First of all, I was wondering why the hell tourists were being taken to this location that is comprised of a small simple building, two trailered boats, and two catwalk-like docks along the water. It’s a coast guard station! Ok, the view is nice and it saves the tour company 20-30 minutes of further driving to Tolhuin for another perspective of Lago Fagnano but really! As we left, I counted 6 other buses on the way. If it is such a popular attraction on the tourism circuit why not develop a special area that is more accommodating? Anyway, to top it off, someone pimps goods from a truck after a five minute viewing of a lake? COME ON! Were they really there for the view or just given another chance to buy more touristy crap?

However, when I saw that many of the tourists actually had interest in the products, I thought if it floats their boat then all is good I guess. But then again is it really? Sooner or later word spreads and I’m sure at some time there will be fifty trucks there selling items thus creating another cheesy tourist trap. Hopefully things will change for the better, I mean this island is still in early development stage.

Just to let you know, I have nothing against the gift shop after tour spectacle in general. Many museums and theme parks have you walk through a gift shop after the tour or attraction. It works and I’ve come out happy on occasion with a few trinket purchases of my own. Something just felt wrong about this situation. Why not take them back to a shop in town or maybe they did that too.

At about 13:30 we arrived in Ushuaia with our empty stomachs gurgling away. Let’s grab lunch. Little did we know how hard that task would be.

First, Ushuaia has the typical touristy city set up where 90% of the restaurants are located in one area. Second, it was Sunday. Third, it was a city election day. Forth, there were two docked cruise ships.

Whoa, I think I saw two people who might have been locals walking the streets. If someone wrote a book called Hilly Hiker and the Camping Factory, this would be the perfect setting. Attack of The Clones? Block to block we saw packs of cruise sheep. All wearing either red/black or blue/black winter jackets, tan cargo pants, and hiking books. Were we in some sort of Northern Face advertising nightmare? Are there no other colors/patterns available?

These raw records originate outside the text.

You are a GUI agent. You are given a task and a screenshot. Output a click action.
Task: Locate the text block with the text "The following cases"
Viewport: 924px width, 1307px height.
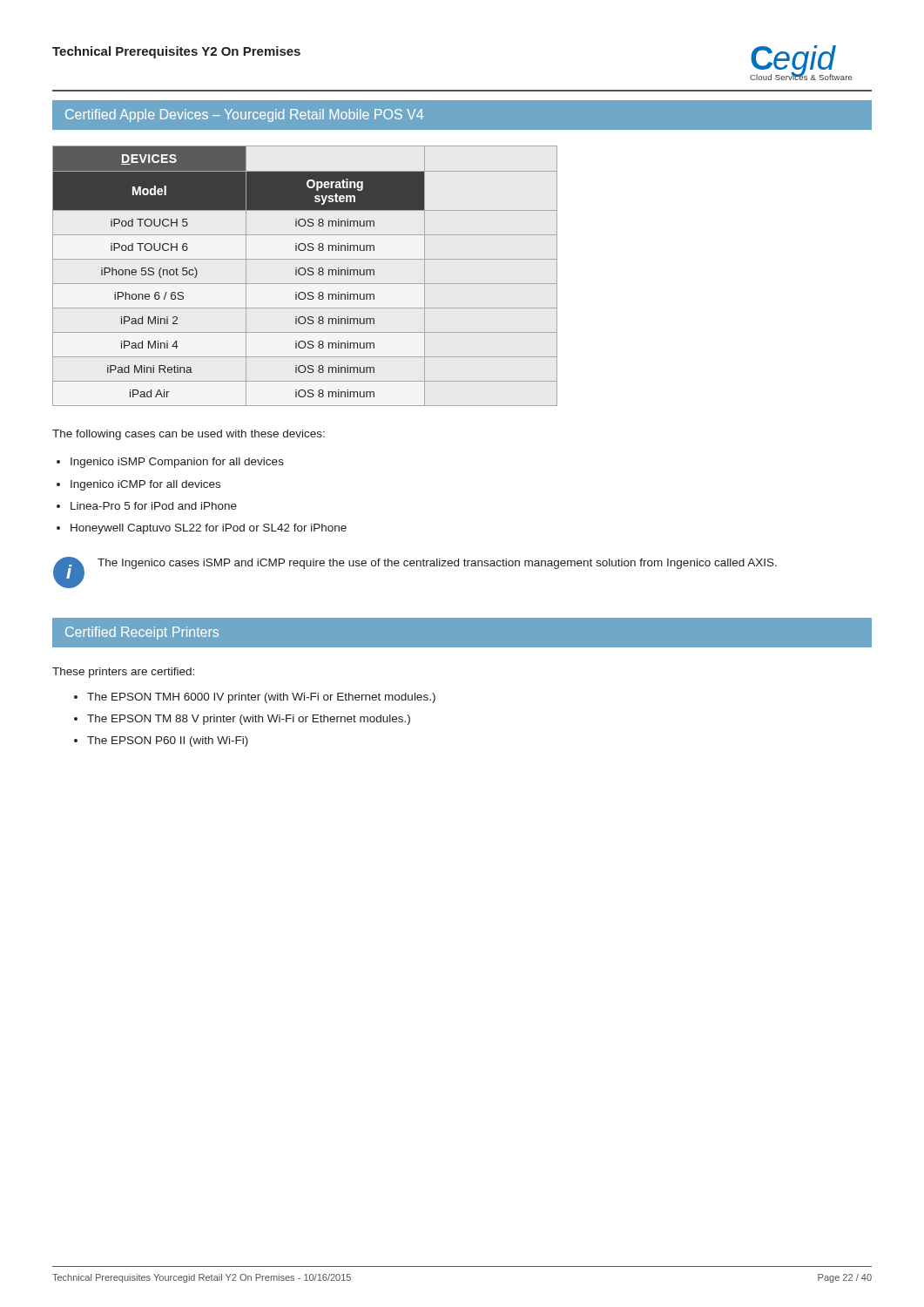pyautogui.click(x=189, y=434)
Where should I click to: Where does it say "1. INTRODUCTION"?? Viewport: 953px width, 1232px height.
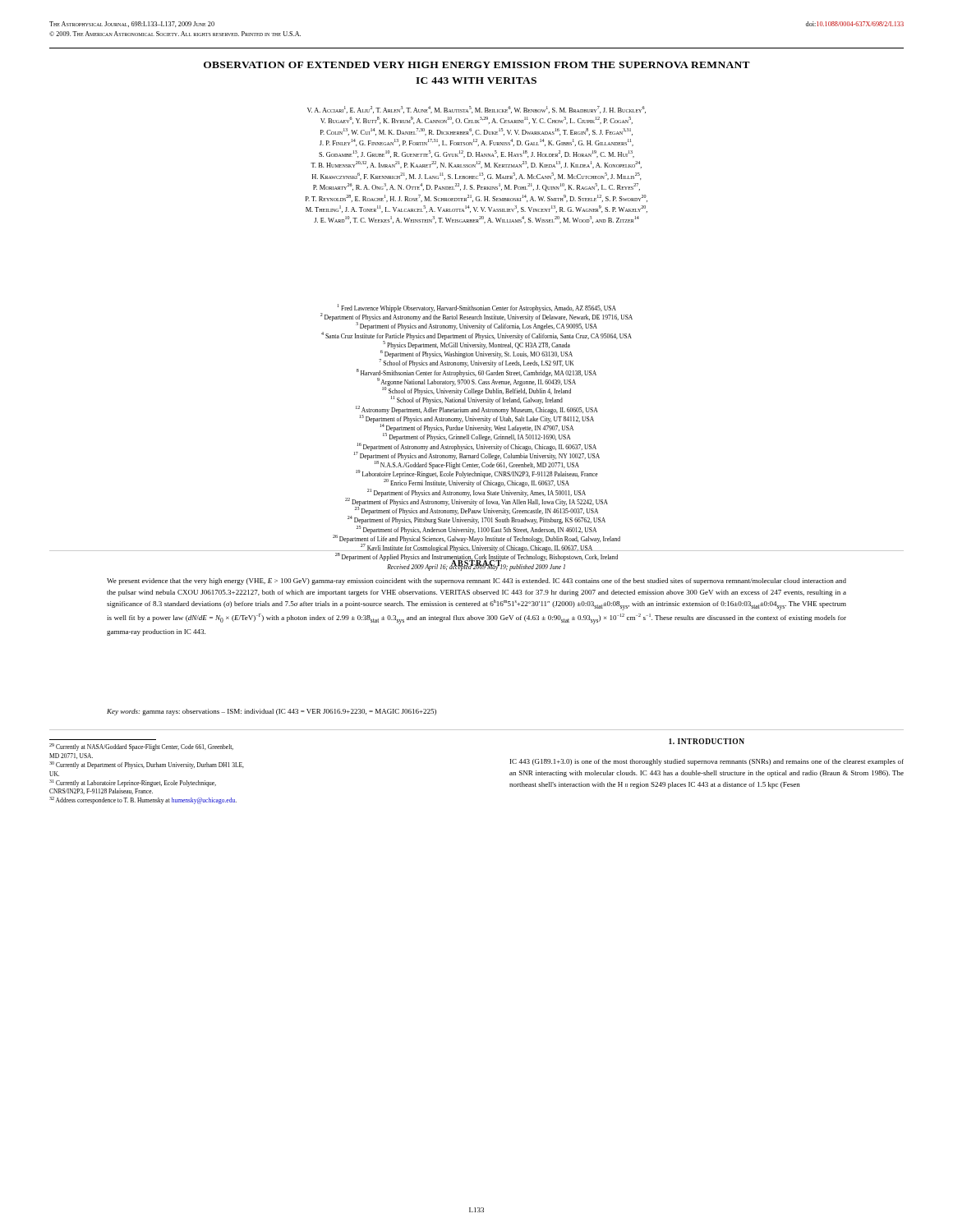click(707, 742)
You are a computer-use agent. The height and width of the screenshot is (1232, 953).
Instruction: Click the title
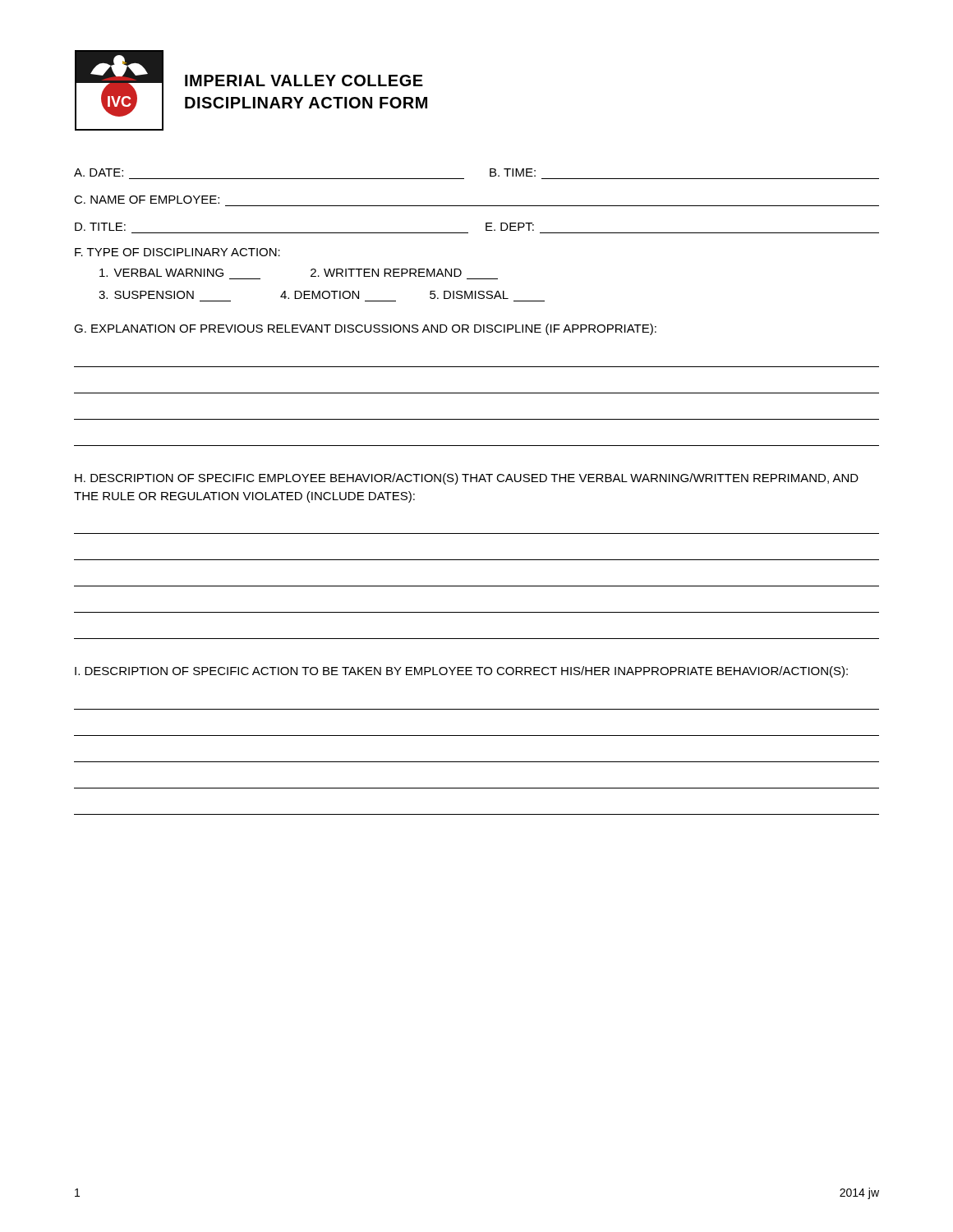point(306,91)
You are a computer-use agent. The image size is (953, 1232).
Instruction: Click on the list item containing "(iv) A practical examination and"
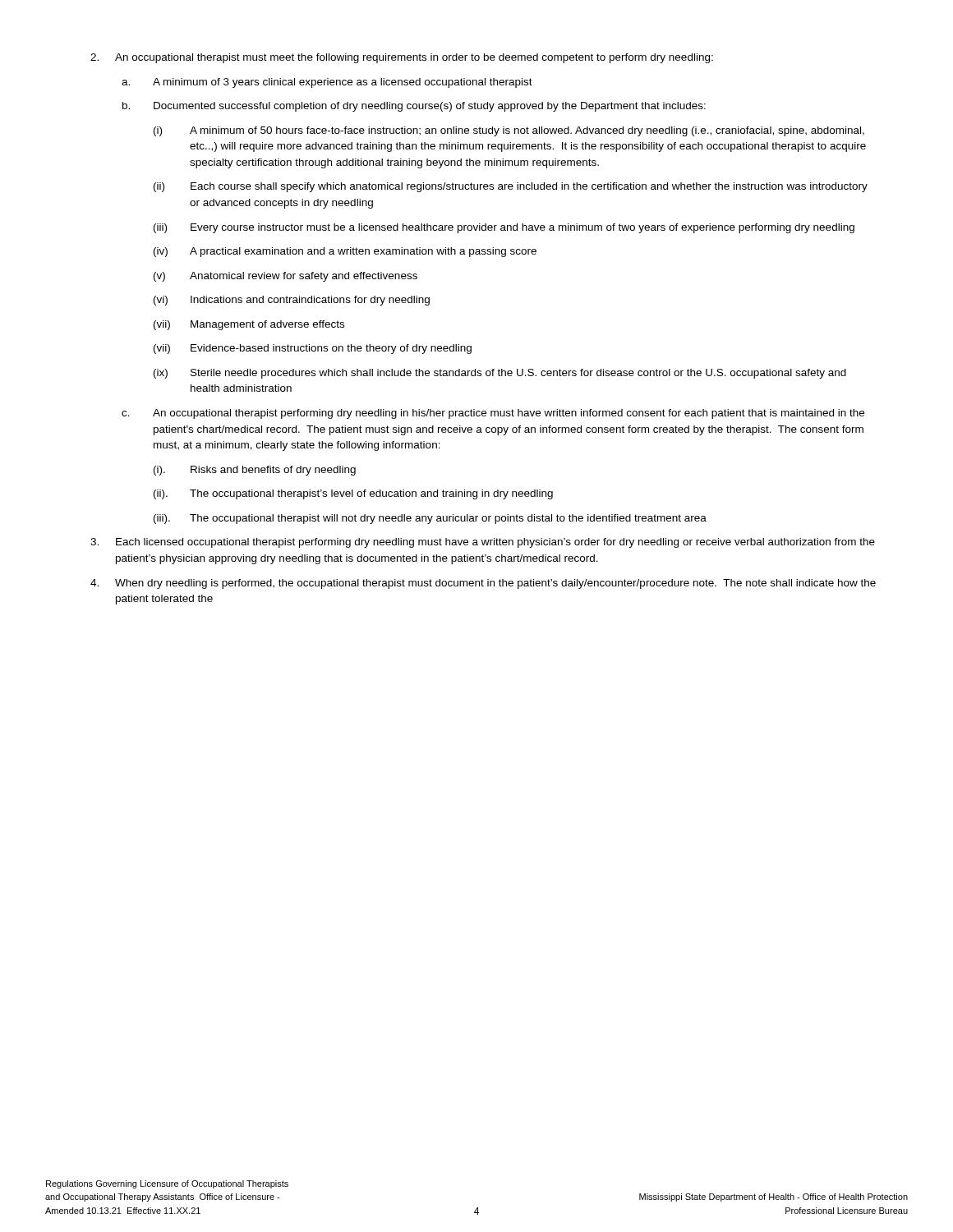pyautogui.click(x=345, y=251)
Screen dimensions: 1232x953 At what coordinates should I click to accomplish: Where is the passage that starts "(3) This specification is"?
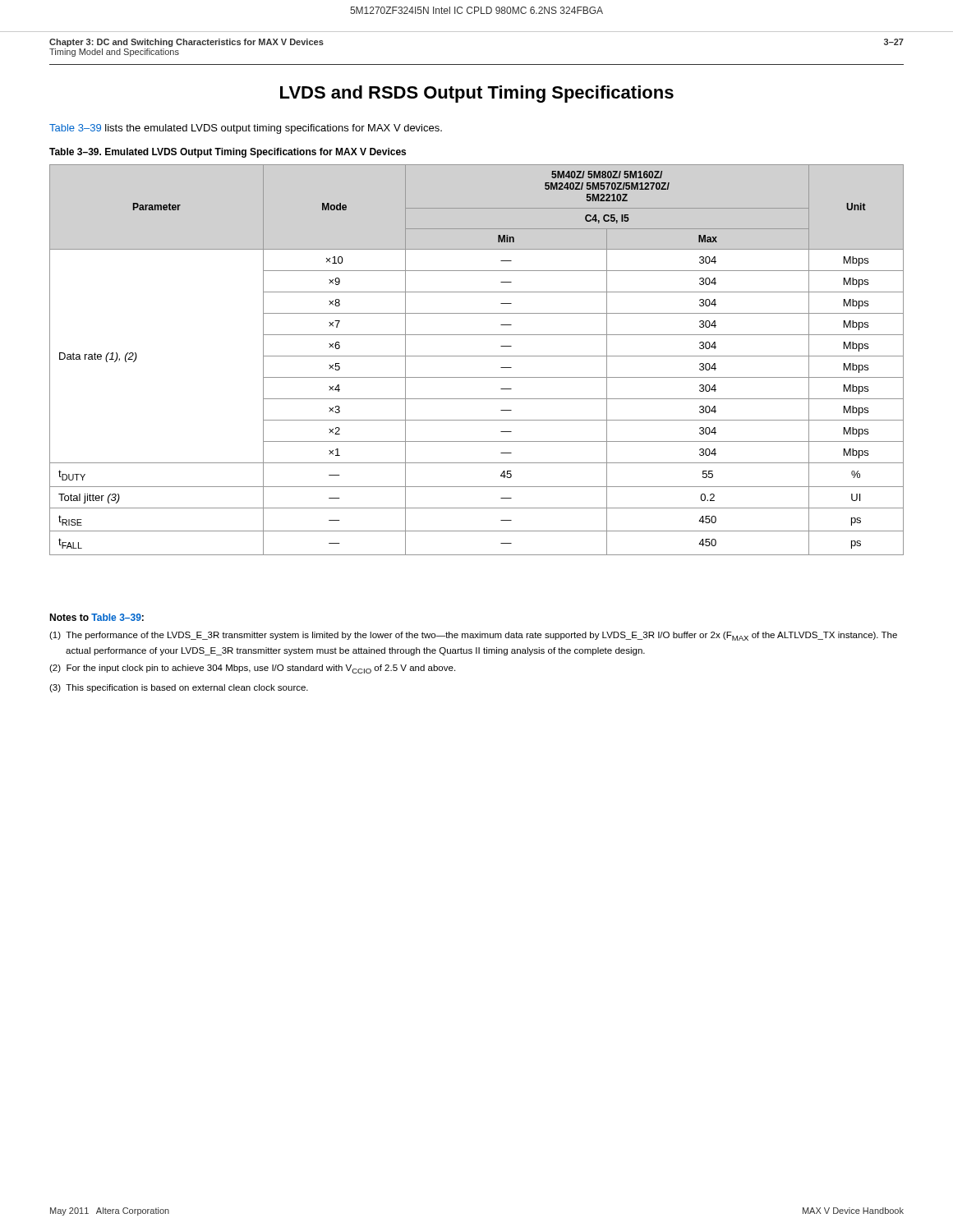[x=179, y=687]
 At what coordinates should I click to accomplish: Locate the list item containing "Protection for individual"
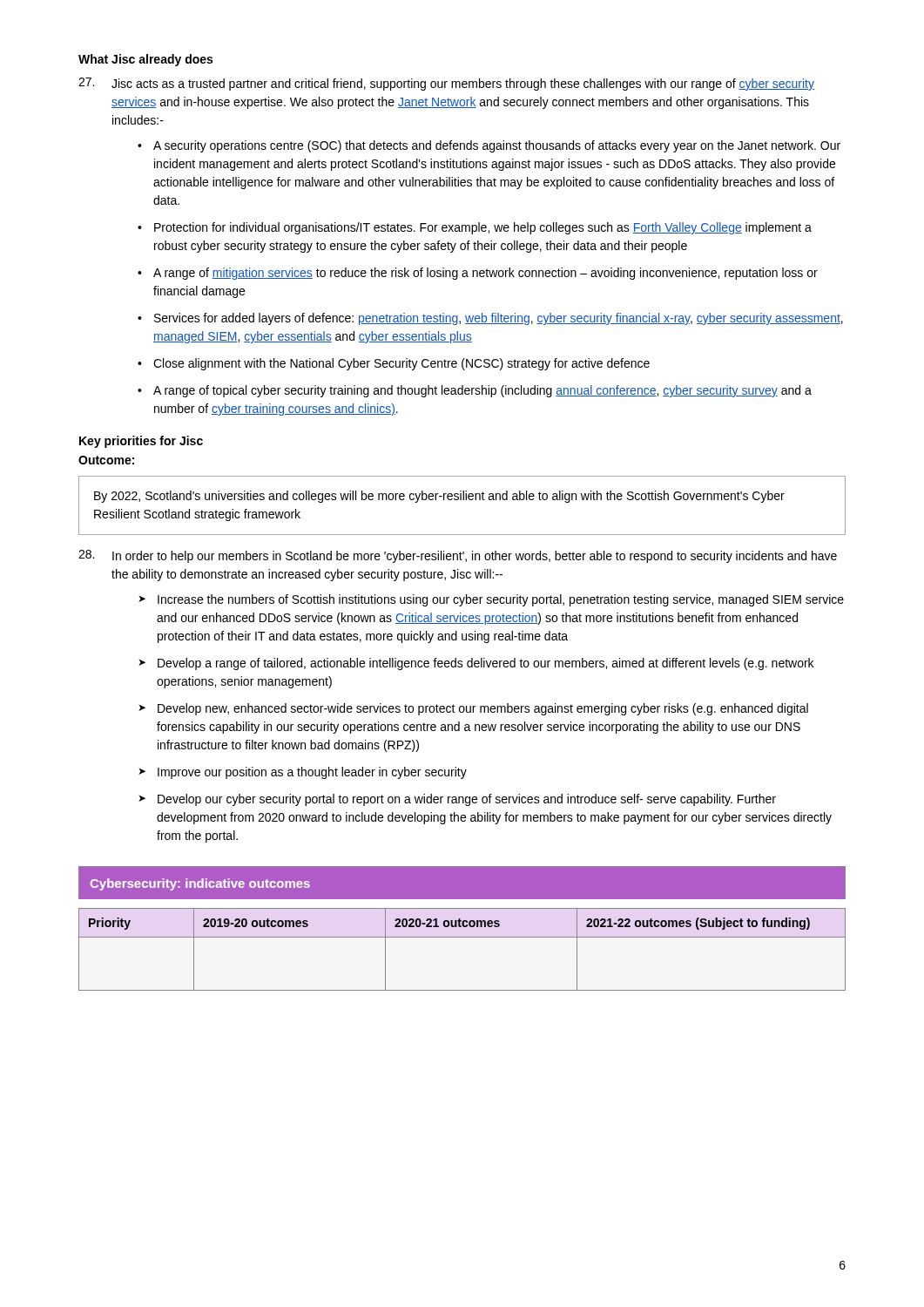[x=482, y=237]

I hate the whole cruise ship concept. I hate it. It’s like a plague the destroys all things good with seaside towns or cities. I’m not talking about the fly into town and catch a round about trip to view various islands and Antarctica type of cruises. The ones I hate are the multi-port hop off to buy some stuff and hop back on kind. Once they step off that boat, they hit like a swarm of locusts. Either confining themselves to the shopping area close to port or hopping on a bus for some brief excursion. Mucking up a pleasurable experience in those areas for both locals and short-to-long term travelers on a daily basis. The national park here becomes one major dust cloud due to all of the chartered buses in season. Restaurants are practically standing room only at lunch time. At least they have to shepherd themselves back into their pens in the late afternoon for departure. I could go deeper and yes I know that they bring in a boatload of cash for local economies and businesses but that’s a topic for another day.

We parked and walked a bit down Avenida San Martin, the main strip for restaurants and shops that is about two blocks north of the docks. The restaurants were packed. Peeking through various doorways showed that restaurant owners or managers fit in as many tables and chairs they could while paying no attention to available space in order move around. Milanesas or lomitos were on our minds not platters of centolla, trout, or lamb. After realizing our mission was futile, we ducked into a buffet restaurant with Chinese characters on the signboard. The buffet would not be restocked we were told. Not happy, yet hungry, we resigned ourselves to the clutches of oily remains.

Hours after camping out at a relative’s house and watching heavy snow fall while praying our flight wouldn’t be canceled, we were finally able to start the real journey that was intended from the beginning.

As a somber note, only recently did I learn that some of those tourists that we saw roaming around on our departure day, would soon board the MS Explorer. Glad everyone made it out safely.